Can anyone offer any insight as to how this works?
 

John P

Joined Oct 14, 2008
2,026
"They are different circuits" may make this impossible. If you can't tolerate a connection between the high-power system and the microprocessor system, you'll have to use an isolator, probably an optical one. That's not difficult, but it changes things.

Assuming that's not the case, the microprocessor and the high-power circuit must have a common ground. It's standard in a situation like that to connect the two at only one point, so no loop can be formed. Having done that, the way the FET will work is if the gate is more than a certain voltage higher than the source, current can flow into the drain. That "more than a certain voltage" is tricky--you need to know the characteristics of the component and compare it to what you expect to do. In this document
https://www.fairchildsemi.com/datasheets/2N/2N7000.pdf

look at Figure 1, the "On-Region Characteristics". You have to find the Vgs (voltage gate to source) and see what current can pass at that level. If it's not enough, find another FET. The 2n7000 might do the job, but you really should use a "logic level FET" designed to use a low gate voltage.

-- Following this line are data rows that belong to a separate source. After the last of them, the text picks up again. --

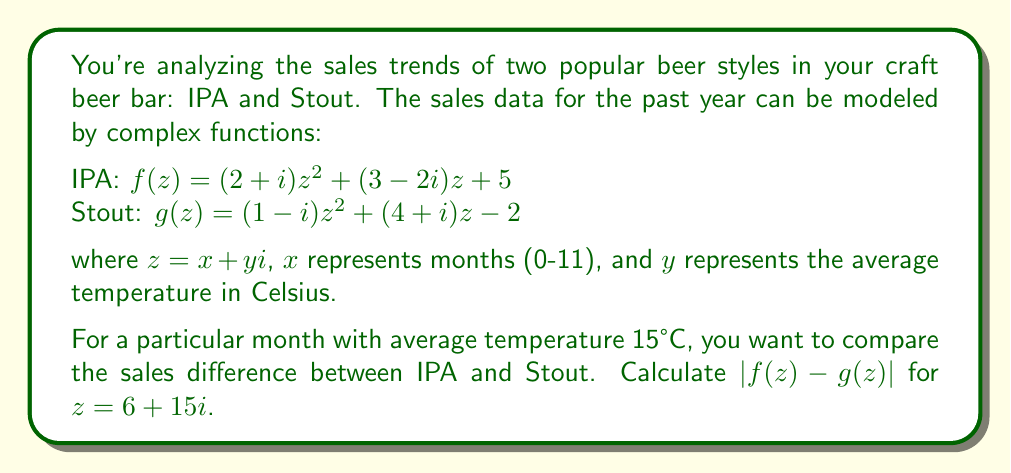Could you help me with this problem? Let's approach this step-by-step:

1) We need to calculate $f(z)$ and $g(z)$ for $z = 6 + 15i$, then find their difference and its magnitude.

2) For $f(z) = (2+i)z^2 + (3-2i)z + 5$:
   $f(6+15i) = (2+i)(6+15i)^2 + (3-2i)(6+15i) + 5$
   
   $(6+15i)^2 = 36 - 225 + 180i = -189 + 180i$
   
   $f(6+15i) = (2+i)(-189+180i) + (3-2i)(6+15i) + 5$
              $= (-378-189+360i+180i) + (18+45i-12i-30) + 5$
              $= (-567+540i) + (-12+33i) + 5$
              $= -574 + 573i$

3) For $g(z) = (1-i)z^2 + (4+i)z - 2$:
   $g(6+15i) = (1-i)(6+15i)^2 + (4+i)(6+15i) - 2$
   
   $g(6+15i) = (1-i)(-189+180i) + (4+i)(6+15i) - 2$
              $= (-189+180i+189i-180i^2) + (24+60i+6i+15i^2) - 2$
              $= (-189+369i+180) + (24+66i-15) - 2$
              $= -2 + 435i$

4) Now, let's calculate $f(z) - g(z)$:
   $(-574+573i) - (-2+435i) = -572 + 138i$

5) Finally, we need to find the magnitude of this complex number:
   $|f(z) - g(z)| = |-572 + 138i| = \sqrt{(-572)^2 + 138^2} = \sqrt{327184 + 19044} = \sqrt{346228} \approx 588.41$
Answer: $588.41$ 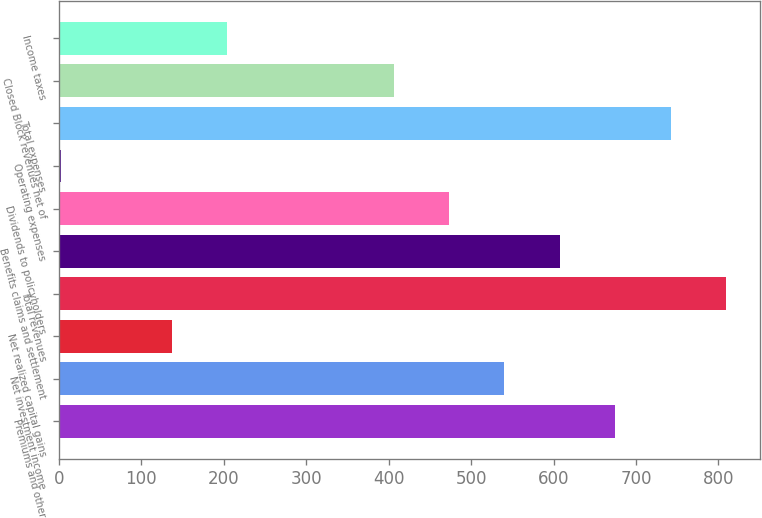Convert chart. <chart><loc_0><loc_0><loc_500><loc_500><bar_chart><fcel>Premiums and other<fcel>Net investment income<fcel>Net realized capital gains<fcel>Total revenues<fcel>Benefits claims and settlement<fcel>Dividends to policyholders<fcel>Operating expenses<fcel>Total expenses<fcel>Closed Block revenues net of<fcel>Income taxes<nl><fcel>674.9<fcel>540.5<fcel>137.3<fcel>809.3<fcel>607.7<fcel>473.3<fcel>2.9<fcel>742.1<fcel>406.1<fcel>204.5<nl></chart>

The function of a resistor like the 100 ohm one is that it limits current flow out of the processor (or into it, when you turn the output off). No, it doesn't affect the gate voltage because the gate essentially looks like a capacitor to the processor; a little current will flow in until the gate charges relative to the source, but after that no current will flow.
 

MaxHeadRoom

Joined Jul 18, 2013
28,688
"If it's not enough, find another FET. The 2n7000 might do the job, but you really should use a "logic level FET" designed to use a low gate voltage.

.
I don't know if they are manufacturing the 2n7000 to different specs now but the original promotion by Siliconix in the '80's promoted it specifically aimed at TTL and CMOS applications.
As a 'Logic Compatible N-Channel Mosfet'.
They termed it a FETlington, due to the replacing of a bipolar Darlington.
The original spec showed Gate-source threshold of max 3v .
I have continued using it in these applications and have not seen any problem so far.
Max.
 

John P

Joined Oct 14, 2008
2,026
Drain-source resistance for the 2n700 seems to be 3 ohms minimum with a 5V gate voltage. What if Vgs is 3, or less? You can get FETS with way less resistance, but as far as I can find out, not many in a TO-92 package.